- Exercise instructions
Repeat exactly, and only, the lines running from the one that holds "text 's-Gravenhage 2024 [88, 1511, 323, 1525]" to the end of the records.

##### Data in this exercise #####

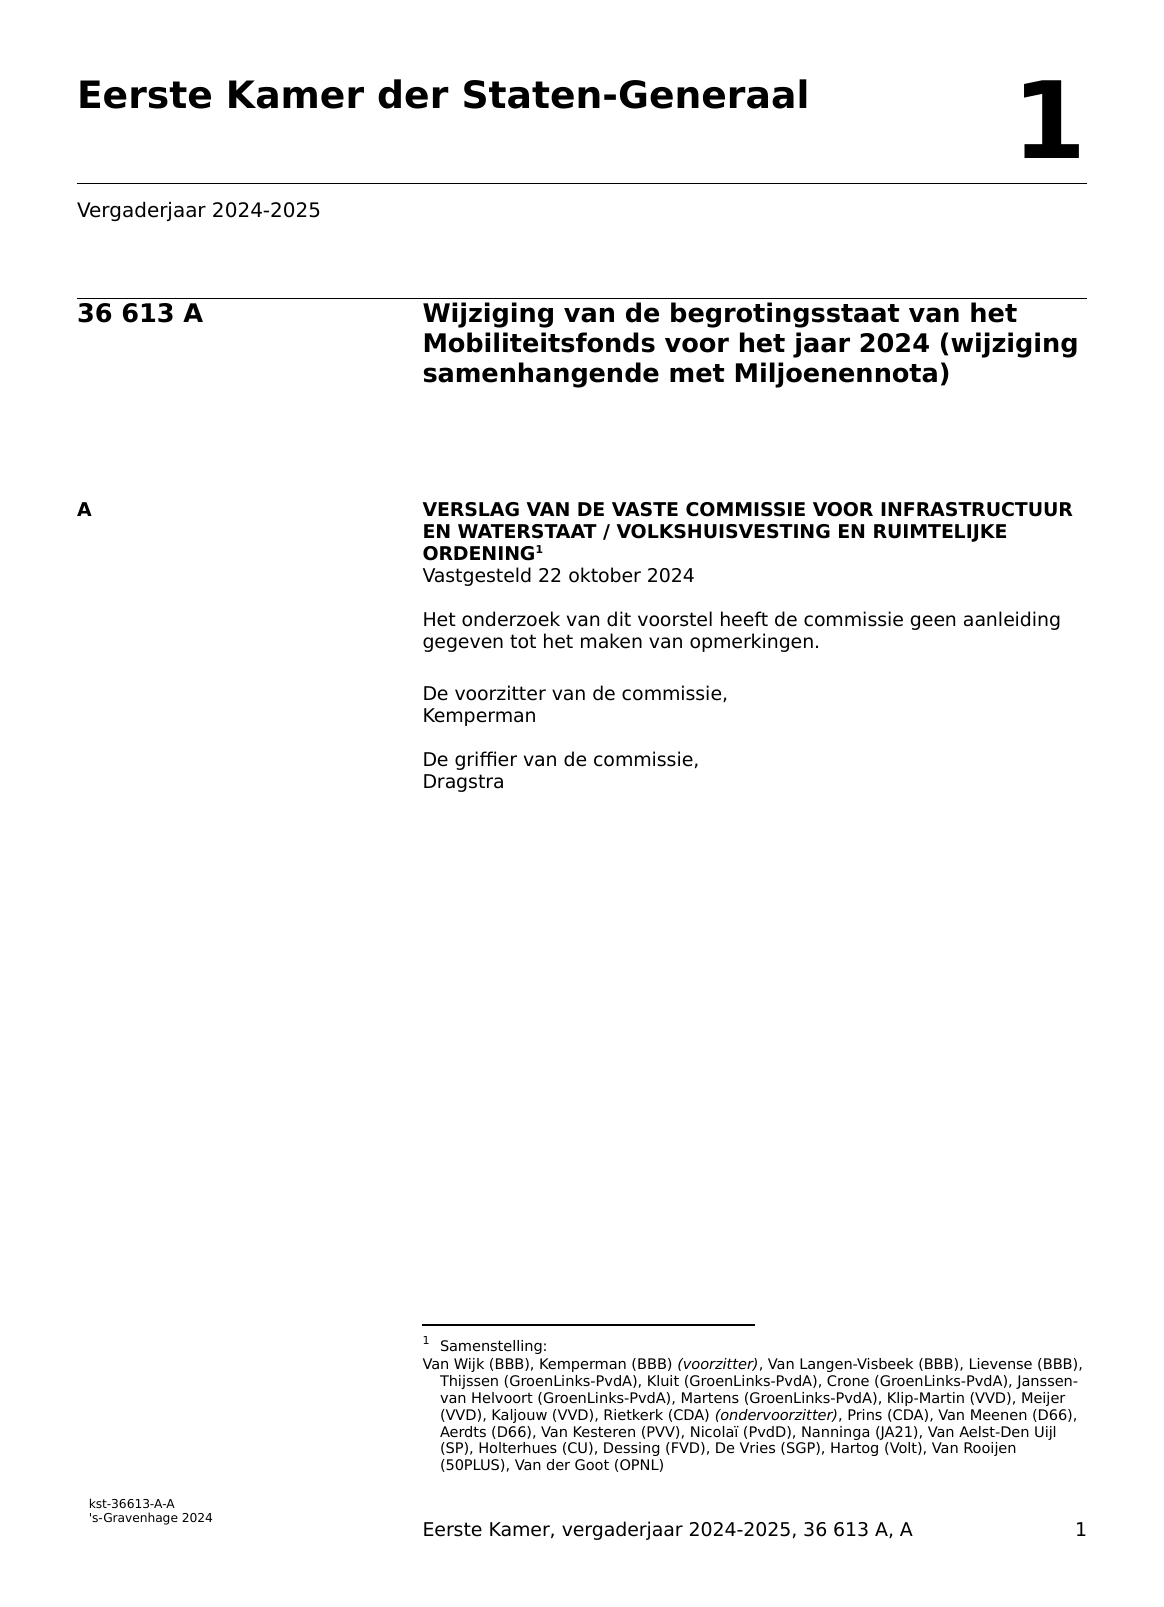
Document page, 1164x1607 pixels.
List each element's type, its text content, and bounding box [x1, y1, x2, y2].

text De griffier van de commissie, Dragstra [422, 749, 1087, 793]
text kst-36613-A-A [88, 1497, 323, 1511]
text Van Wijk (BBB), Kemperman (BBB) (voorzitter), Van Langen-Visbeek (BBB), Lievense (BBB), Thijssen (GroenLinks-PvdA), Kluit (GroenLinks-PvdA), Crone (GroenLinks-PvdA), Janssen-van Helvoort (GroenLinks-PvdA), Martens (GroenLinks-PvdA), Klip-Martin (VVD), Meijer (VVD), Kaljouw (VVD), Rietkerk (CDA) (ondervoorzitter), Prins (CDA), Van Meenen (D66), Aerdts (D66), Van Kesteren (PVV), Nicolaï (PvdD), Nanninga (JA21), Van Aelst-Den Uijl (SP), Holterhues (CU), Dessing (FVD), De Vries (SGP), Hartog (Volt), Van Rooijen (50PLUS), Van der Goot (OPNL) [422, 1356, 1087, 1474]
text De voorzitter van de commissie, Kemperman [422, 683, 1087, 727]
table_header Eerste Kamer der Staten-Generaal [77, 59, 886, 183]
text 's-Gravenhage 2024 [88, 1511, 323, 1525]
table_cell Vergaderjaar 2024-2025 [77, 184, 1087, 298]
subtitle 36 613 A Wijziging van de begrotingsstaat van het Mobiliteitsfonds voor het jaar 2024 (wijziging samenhangende met Miljoenennota) [77, 299, 1087, 388]
text Het onderzoek van dit voorstel heeft de commissie geen aanleiding gegeven tot het maken van opmerkingen. [422, 609, 1087, 653]
text Samenstelling: [422, 1334, 1087, 1356]
subtitle A VERSLAG VAN DE VASTE COMMISSIE VOOR INFRASTRUCTUUR EN WATERSTAAT / VOLKSHUISVESTING EN RUIMTELIJKE ORDENING [77, 499, 1087, 565]
text Vastgesteld 22 oktober 2024 [422, 565, 1087, 587]
table_header 1 [886, 59, 1087, 183]

#####

- Exercise output
text 's-Gravenhage 2024 [88, 1511, 323, 1525]
table_cell Vergaderjaar 2024-2025 [77, 184, 1087, 298]
subtitle 36 613 A Wijziging van de begrotingsstaat van het Mobiliteitsfonds voor het jaar 2024 (wijziging samenhangende met Miljoenennota) [77, 299, 1087, 388]
text Het onderzoek van dit voorstel heeft de commissie geen aanleiding gegeven tot het maken van opmerkingen. [422, 609, 1087, 653]
text Samenstelling: [422, 1334, 1087, 1356]
subtitle A VERSLAG VAN DE VASTE COMMISSIE VOOR INFRASTRUCTUUR EN WATERSTAAT / VOLKSHUISVESTING EN RUIMTELIJKE ORDENING [77, 499, 1087, 565]
text Vastgesteld 22 oktober 2024 [422, 565, 1087, 587]
table_header 1 [886, 59, 1087, 183]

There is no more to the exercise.